• [Work to be completed]
Transcribe the listing that follows in full, exactly, and drop its images.

• [Data to examine]
····················

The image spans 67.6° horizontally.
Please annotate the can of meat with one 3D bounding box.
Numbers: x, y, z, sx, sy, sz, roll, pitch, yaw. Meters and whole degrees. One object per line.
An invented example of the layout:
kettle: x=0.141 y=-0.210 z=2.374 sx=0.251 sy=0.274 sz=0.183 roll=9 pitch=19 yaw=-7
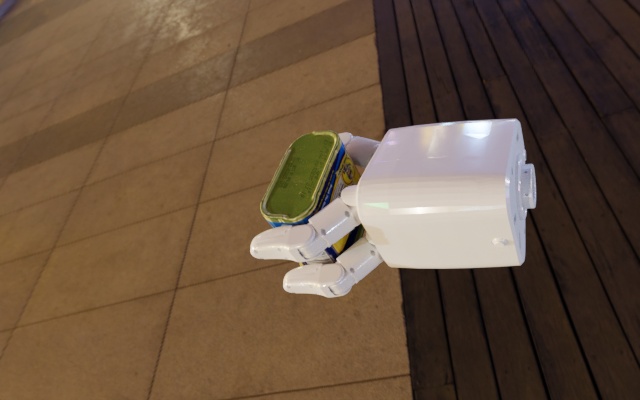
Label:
can of meat: x=0.000 y=0.001 z=0.422 sx=0.057 sy=0.102 sz=0.084 roll=0 pitch=-37 yaw=31
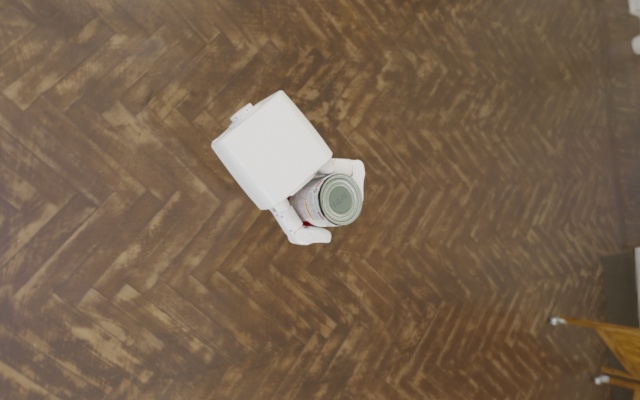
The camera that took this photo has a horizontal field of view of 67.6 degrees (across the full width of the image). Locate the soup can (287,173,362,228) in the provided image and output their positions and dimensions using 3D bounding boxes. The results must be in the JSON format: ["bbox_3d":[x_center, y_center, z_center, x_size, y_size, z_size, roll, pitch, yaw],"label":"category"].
[{"bbox_3d":[0.000,0.003,0.638,0.068,0.068,0.102,0,-4,-32],"label":"soup can"}]

····················

• [Answer space]
The image spans 67.6° horizontally.
Please annotate the can of meat with one 3D bounding box.
Numbers: x, y, z, sx, sy, sz, roll, pitch, yaw. Meters and whole degrees. One object per line.
An invented example of the layout:
kettle: x=0.141 y=-0.210 z=2.374 sx=0.251 sy=0.274 sz=0.183 roll=9 pitch=19 yaw=-7
Label:
can of meat: x=0.000 y=0.001 z=0.422 sx=0.057 sy=0.102 sz=0.084 roll=0 pitch=-37 yaw=31
The camera that took this photo has a horizontal field of view of 67.6 degrees (across the full width of the image). Locate the soup can (287,173,362,228) in the provided image and output their positions and dimensions using 3D bounding boxes. The results must be in the JSON format: ["bbox_3d":[x_center, y_center, z_center, x_size, y_size, z_size, roll, pitch, yaw],"label":"category"].
[{"bbox_3d":[0.000,0.003,0.638,0.068,0.068,0.102,0,-4,-32],"label":"soup can"}]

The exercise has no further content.